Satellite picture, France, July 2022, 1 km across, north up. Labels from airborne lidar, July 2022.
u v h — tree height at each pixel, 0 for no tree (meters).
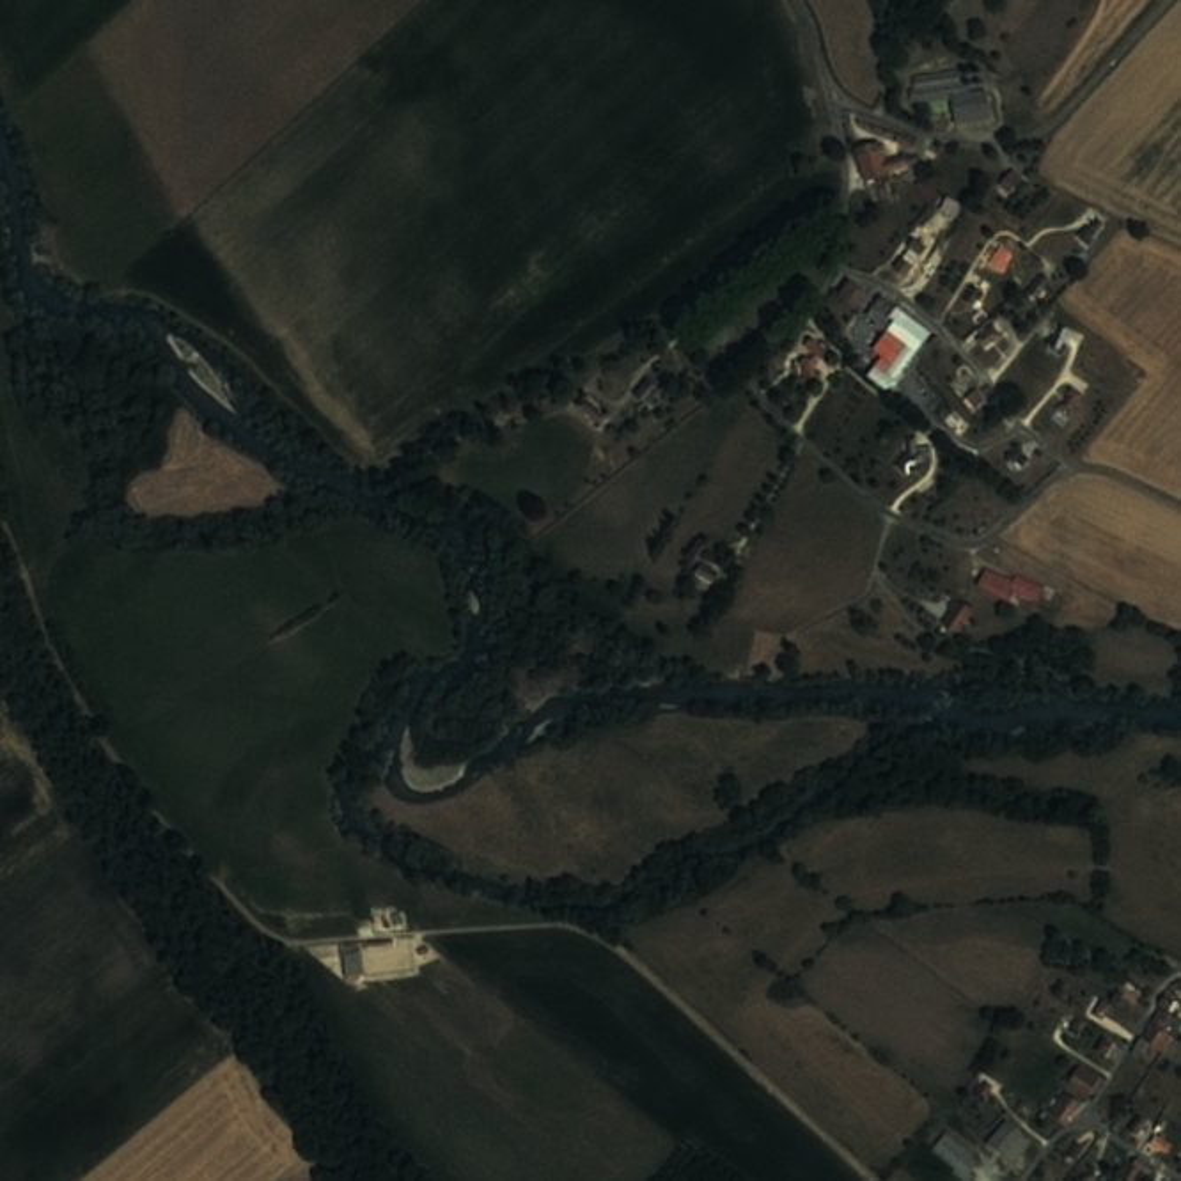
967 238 0
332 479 0
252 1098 0
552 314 0
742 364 25
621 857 0
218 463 0
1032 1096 0
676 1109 0
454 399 0
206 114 0
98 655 0
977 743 18
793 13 0
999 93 0
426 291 0
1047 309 13
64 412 15
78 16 0
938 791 18
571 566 0
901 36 19
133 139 0
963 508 0
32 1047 0
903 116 9
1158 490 0
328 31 0
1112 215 0
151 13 0
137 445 6
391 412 0
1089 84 0
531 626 10
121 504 8
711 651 0
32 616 7
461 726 5
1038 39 0
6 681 17
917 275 0
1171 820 0
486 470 0
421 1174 15
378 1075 0
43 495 0
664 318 0
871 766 16
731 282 36
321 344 0
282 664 0
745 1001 0
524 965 0
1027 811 14
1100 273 0
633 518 0
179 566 0
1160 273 0
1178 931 0
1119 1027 0
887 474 0
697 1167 10
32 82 0
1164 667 0
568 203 0
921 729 9
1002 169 0
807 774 7
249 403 14
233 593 0
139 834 11
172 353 0
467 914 0
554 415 0
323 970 0
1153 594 0
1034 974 0
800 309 33
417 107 0
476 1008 0
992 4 12
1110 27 0
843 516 0
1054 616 0
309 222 0
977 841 0
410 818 0
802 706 13
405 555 0
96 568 0
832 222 34
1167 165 0
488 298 0
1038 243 0
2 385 0
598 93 0
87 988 0
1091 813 16
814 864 0
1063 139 0
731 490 0
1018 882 0
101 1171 0
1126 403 0
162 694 0
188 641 0
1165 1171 0
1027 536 0
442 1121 0
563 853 0
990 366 0
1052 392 0
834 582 0
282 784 0
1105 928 0
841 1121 0
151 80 0
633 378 0
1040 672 20
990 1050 6
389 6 0
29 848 0
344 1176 22
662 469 0
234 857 0
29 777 0
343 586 0
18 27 0
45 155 0
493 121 0
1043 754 6
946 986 0
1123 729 14
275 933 0
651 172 0
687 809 0
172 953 19
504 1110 0
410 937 0
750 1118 0
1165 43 0
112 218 0
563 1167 0
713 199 0
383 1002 0
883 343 0
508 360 0
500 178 0
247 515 12
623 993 0
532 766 0
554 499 0
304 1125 19
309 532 14
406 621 0
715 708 16
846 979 0
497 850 0
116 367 16
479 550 19
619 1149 0
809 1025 0
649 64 0
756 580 0
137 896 21
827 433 0
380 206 0
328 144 0
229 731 0
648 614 0
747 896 0
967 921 0
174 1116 0
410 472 27
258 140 0
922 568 6
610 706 16
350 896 0
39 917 0
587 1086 0
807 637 0
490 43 0
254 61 0
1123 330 0
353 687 0
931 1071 0
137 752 0
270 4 0
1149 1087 0
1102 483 0
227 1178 0
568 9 0
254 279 0
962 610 0
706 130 0
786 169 0
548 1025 0
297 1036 16
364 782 14
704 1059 0
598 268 0
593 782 0
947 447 20
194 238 0
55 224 13
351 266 0
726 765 0
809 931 0

*YOUR GOAL*. Omitting the images, copy the listing exactly.

*SOLVED PROBLEM*.
Satellite picture, France, July 2022, 1 km across, north up. Labels from airborne lidar, July 2022.
u v h — tree height at each pixel, 0 for no tree (meters).
967 238 0
332 479 0
252 1098 0
552 314 0
742 364 25
621 857 0
218 463 0
1032 1096 0
676 1109 0
454 399 0
206 114 0
98 655 0
977 743 18
793 13 0
999 93 0
426 291 0
1047 309 13
64 412 15
78 16 0
938 791 18
571 566 0
901 36 19
133 139 0
963 508 0
32 1047 0
903 116 9
1158 490 0
328 31 0
1112 215 0
151 13 0
137 445 6
391 412 0
1089 84 0
531 626 10
121 504 8
711 651 0
32 616 7
461 726 5
1038 39 0
6 681 17
917 275 0
1171 820 0
486 470 0
421 1174 15
378 1075 0
43 495 0
664 318 0
871 766 16
731 282 36
321 344 0
282 664 0
745 1001 0
524 965 0
1027 811 14
1100 273 0
633 518 0
179 566 0
1160 273 0
1178 931 0
1119 1027 0
887 474 0
697 1167 10
32 82 0
1164 667 0
568 203 0
921 729 9
1002 169 0
807 774 7
249 403 14
233 593 0
139 834 11
172 353 0
467 914 0
554 415 0
323 970 0
1153 594 0
1034 974 0
800 309 33
417 107 0
476 1008 0
992 4 12
1110 27 0
843 516 0
1054 616 0
309 222 0
977 841 0
410 818 0
802 706 13
405 555 0
96 568 0
832 222 34
1167 165 0
488 298 0
1038 243 0
2 385 0
598 93 0
87 988 0
1091 813 16
814 864 0
1063 139 0
731 490 0
1018 882 0
101 1171 0
1126 403 0
162 694 0
188 641 0
1165 1171 0
1027 536 0
442 1121 0
563 853 0
990 366 0
1052 392 0
834 582 0
282 784 0
1105 928 0
841 1121 0
151 80 0
633 378 0
1040 672 20
990 1050 6
389 6 0
29 848 0
344 1176 22
662 469 0
234 857 0
29 777 0
343 586 0
18 27 0
45 155 0
493 121 0
1043 754 6
946 986 0
1123 729 14
275 933 0
651 172 0
687 809 0
172 953 19
504 1110 0
410 937 0
750 1118 0
1165 43 0
112 218 0
563 1167 0
713 199 0
383 1002 0
883 343 0
508 360 0
500 178 0
247 515 12
623 993 0
532 766 0
554 499 0
304 1125 19
309 532 14
406 621 0
715 708 16
846 979 0
497 850 0
116 367 16
479 550 19
619 1149 0
809 1025 0
649 64 0
756 580 0
137 896 21
827 433 0
380 206 0
328 144 0
229 731 0
648 614 0
747 896 0
967 921 0
174 1116 0
410 472 27
258 140 0
922 568 6
610 706 16
350 896 0
39 917 0
587 1086 0
807 637 0
490 43 0
254 61 0
1123 330 0
353 687 0
931 1071 0
137 752 0
270 4 0
1149 1087 0
1102 483 0
227 1178 0
568 9 0
254 279 0
962 610 0
706 130 0
786 169 0
548 1025 0
297 1036 16
364 782 14
704 1059 0
598 268 0
593 782 0
947 447 20
194 238 0
55 224 13
351 266 0
726 765 0
809 931 0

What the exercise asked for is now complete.